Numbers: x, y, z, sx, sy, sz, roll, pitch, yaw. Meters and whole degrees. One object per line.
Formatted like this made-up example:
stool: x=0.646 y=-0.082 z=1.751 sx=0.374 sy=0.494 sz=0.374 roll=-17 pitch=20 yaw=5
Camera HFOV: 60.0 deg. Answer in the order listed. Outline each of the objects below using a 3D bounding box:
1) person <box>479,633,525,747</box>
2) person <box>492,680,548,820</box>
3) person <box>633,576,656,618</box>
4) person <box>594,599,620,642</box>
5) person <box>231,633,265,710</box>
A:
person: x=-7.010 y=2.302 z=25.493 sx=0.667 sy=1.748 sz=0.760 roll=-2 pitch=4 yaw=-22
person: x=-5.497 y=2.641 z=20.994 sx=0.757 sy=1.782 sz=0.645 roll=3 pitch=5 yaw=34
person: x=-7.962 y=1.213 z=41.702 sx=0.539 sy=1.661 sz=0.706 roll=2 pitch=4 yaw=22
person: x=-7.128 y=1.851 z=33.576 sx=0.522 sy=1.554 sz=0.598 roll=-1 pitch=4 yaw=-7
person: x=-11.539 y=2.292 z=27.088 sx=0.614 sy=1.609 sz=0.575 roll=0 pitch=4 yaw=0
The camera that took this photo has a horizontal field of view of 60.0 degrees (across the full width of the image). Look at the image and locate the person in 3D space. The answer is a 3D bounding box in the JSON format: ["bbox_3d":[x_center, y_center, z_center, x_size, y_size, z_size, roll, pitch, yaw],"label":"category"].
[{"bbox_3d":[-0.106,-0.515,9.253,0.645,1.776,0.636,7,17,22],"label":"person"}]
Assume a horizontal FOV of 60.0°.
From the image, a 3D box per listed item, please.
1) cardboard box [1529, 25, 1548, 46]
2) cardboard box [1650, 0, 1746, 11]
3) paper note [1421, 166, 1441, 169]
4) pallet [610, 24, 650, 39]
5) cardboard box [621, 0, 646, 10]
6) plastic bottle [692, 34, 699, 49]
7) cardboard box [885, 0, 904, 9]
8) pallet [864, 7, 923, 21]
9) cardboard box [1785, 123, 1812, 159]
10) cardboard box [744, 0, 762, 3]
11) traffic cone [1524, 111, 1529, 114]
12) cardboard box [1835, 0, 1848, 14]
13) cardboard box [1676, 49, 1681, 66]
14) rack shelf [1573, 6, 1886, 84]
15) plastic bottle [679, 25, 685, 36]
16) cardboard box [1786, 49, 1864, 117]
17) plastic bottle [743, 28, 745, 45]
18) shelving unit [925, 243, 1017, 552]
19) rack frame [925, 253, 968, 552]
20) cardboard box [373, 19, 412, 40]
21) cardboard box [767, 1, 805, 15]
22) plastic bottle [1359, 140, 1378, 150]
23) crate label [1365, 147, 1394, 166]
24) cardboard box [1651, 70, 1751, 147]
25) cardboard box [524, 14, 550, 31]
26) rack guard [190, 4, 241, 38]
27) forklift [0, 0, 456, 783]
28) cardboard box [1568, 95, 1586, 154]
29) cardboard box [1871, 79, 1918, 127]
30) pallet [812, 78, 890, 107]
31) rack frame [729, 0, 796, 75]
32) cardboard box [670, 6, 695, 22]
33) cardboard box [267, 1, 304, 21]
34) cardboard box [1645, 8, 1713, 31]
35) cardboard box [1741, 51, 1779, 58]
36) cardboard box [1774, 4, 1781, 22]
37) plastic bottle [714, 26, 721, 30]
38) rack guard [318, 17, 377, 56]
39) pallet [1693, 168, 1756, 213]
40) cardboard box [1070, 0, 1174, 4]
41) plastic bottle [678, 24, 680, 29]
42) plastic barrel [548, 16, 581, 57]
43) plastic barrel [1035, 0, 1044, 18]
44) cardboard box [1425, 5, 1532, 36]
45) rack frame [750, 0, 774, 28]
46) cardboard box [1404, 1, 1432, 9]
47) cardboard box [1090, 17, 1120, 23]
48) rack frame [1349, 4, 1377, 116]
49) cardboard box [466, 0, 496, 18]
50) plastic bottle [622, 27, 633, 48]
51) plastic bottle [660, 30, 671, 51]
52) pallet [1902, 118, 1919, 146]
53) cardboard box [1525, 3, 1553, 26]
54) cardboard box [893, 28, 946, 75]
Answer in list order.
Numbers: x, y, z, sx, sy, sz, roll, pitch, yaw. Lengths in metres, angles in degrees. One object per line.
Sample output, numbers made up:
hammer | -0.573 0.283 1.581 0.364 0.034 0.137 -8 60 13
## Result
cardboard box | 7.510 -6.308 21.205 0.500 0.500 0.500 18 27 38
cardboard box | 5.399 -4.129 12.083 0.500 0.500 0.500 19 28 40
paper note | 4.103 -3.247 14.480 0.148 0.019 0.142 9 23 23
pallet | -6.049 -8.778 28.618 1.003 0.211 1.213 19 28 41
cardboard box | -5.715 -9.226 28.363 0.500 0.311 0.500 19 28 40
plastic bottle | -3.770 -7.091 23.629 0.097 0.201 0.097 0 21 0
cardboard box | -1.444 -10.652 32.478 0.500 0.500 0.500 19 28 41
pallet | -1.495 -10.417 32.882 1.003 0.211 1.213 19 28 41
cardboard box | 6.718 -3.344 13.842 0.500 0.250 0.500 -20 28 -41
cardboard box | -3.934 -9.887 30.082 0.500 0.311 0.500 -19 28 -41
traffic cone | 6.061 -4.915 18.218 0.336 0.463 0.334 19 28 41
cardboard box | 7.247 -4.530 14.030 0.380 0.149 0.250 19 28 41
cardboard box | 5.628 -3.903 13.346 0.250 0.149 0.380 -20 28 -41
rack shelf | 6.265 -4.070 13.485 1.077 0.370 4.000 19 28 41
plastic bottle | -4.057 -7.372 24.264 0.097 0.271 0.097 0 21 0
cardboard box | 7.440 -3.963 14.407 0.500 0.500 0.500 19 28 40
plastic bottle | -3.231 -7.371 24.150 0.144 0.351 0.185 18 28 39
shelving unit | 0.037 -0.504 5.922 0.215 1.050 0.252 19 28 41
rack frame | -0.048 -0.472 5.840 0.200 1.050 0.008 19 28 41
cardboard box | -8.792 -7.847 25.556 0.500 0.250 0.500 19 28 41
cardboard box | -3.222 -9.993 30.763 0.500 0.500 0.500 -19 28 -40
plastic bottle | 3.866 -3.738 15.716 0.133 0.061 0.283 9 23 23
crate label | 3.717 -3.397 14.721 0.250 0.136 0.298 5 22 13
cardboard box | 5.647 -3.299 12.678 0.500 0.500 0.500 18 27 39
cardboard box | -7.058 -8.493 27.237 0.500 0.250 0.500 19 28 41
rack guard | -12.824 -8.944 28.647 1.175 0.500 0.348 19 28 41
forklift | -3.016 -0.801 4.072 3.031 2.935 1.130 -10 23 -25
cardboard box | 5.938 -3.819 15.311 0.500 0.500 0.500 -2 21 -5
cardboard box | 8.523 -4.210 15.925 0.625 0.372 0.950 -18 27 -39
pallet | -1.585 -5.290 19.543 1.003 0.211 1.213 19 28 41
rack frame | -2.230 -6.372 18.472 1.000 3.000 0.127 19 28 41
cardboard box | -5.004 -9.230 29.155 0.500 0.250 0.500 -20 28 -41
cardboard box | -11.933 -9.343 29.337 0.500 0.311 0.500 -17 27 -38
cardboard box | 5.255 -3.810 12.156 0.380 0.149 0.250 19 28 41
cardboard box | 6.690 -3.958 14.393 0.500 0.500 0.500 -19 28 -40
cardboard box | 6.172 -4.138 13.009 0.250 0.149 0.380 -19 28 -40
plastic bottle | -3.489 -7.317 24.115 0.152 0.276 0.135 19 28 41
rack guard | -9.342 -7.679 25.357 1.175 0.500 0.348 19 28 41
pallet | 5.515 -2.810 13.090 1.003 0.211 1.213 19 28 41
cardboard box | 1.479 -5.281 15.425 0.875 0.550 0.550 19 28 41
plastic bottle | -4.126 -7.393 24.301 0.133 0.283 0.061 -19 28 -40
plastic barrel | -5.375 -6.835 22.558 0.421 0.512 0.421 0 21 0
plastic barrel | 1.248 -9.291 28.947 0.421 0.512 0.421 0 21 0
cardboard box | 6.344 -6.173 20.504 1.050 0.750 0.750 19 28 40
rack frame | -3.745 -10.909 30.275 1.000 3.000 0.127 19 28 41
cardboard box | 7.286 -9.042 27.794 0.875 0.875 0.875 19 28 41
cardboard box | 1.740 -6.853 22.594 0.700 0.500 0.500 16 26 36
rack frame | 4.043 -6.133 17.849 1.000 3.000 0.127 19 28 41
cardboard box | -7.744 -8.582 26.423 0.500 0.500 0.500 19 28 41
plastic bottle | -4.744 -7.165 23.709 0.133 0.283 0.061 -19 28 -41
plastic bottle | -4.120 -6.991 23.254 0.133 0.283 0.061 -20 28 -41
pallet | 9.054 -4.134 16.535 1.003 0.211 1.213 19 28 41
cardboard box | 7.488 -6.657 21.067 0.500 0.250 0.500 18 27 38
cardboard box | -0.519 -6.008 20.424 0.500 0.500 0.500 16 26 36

• [Work order] Search the material for the word "listed" and copy each line where it occurs.

• [Task result]
Camera HFOV: 60.0 deg. Answer in the order listed. Outline each of the objects below using a 3D bounding box:
From the image, a 3D box per listed item, please.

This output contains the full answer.